*What this task involves*.
Leave out all pictures. Extract exactly the lines from the one containing "You are a computer-use agent." through the end of the data.

[Stored data]
Segment Open
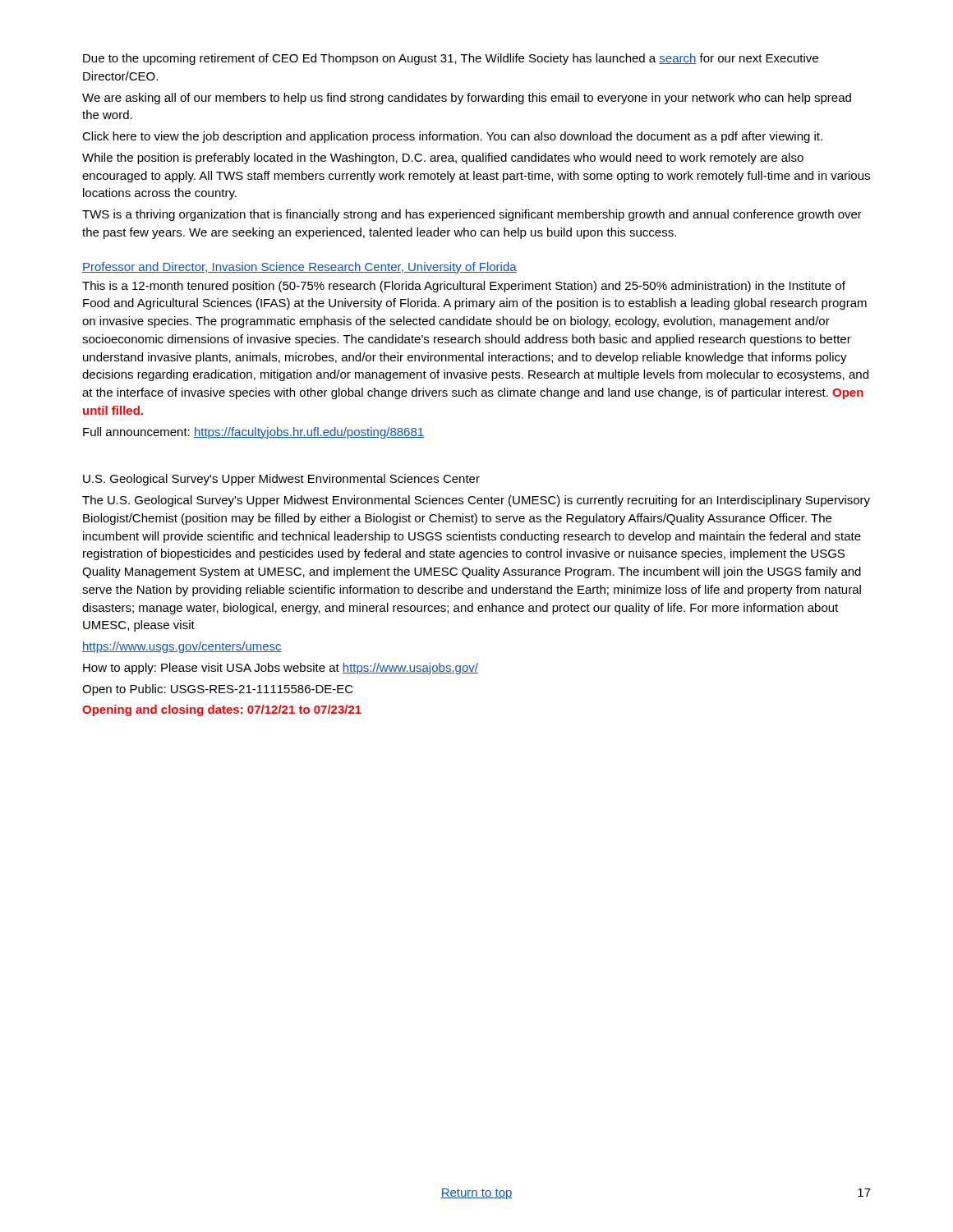Locate the block starting "Due to the"
The image size is (953, 1232).
tap(476, 145)
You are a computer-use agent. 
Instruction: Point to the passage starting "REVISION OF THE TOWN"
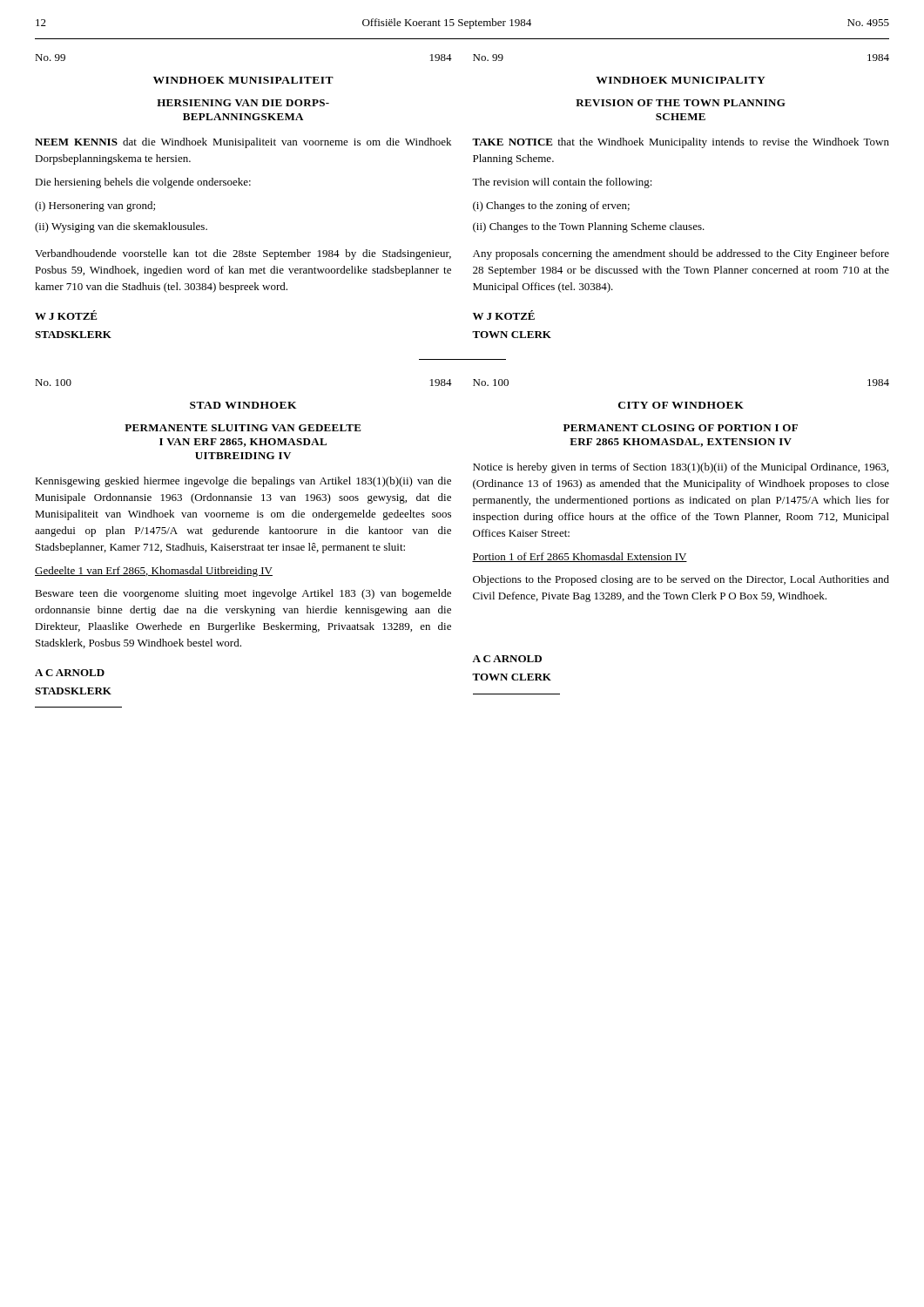(681, 109)
Segment Closed
*Answer*.
You are a computer-use agent. 
Instruction: Point to the passage starting "REVISION OF THE TOWN"
(681, 109)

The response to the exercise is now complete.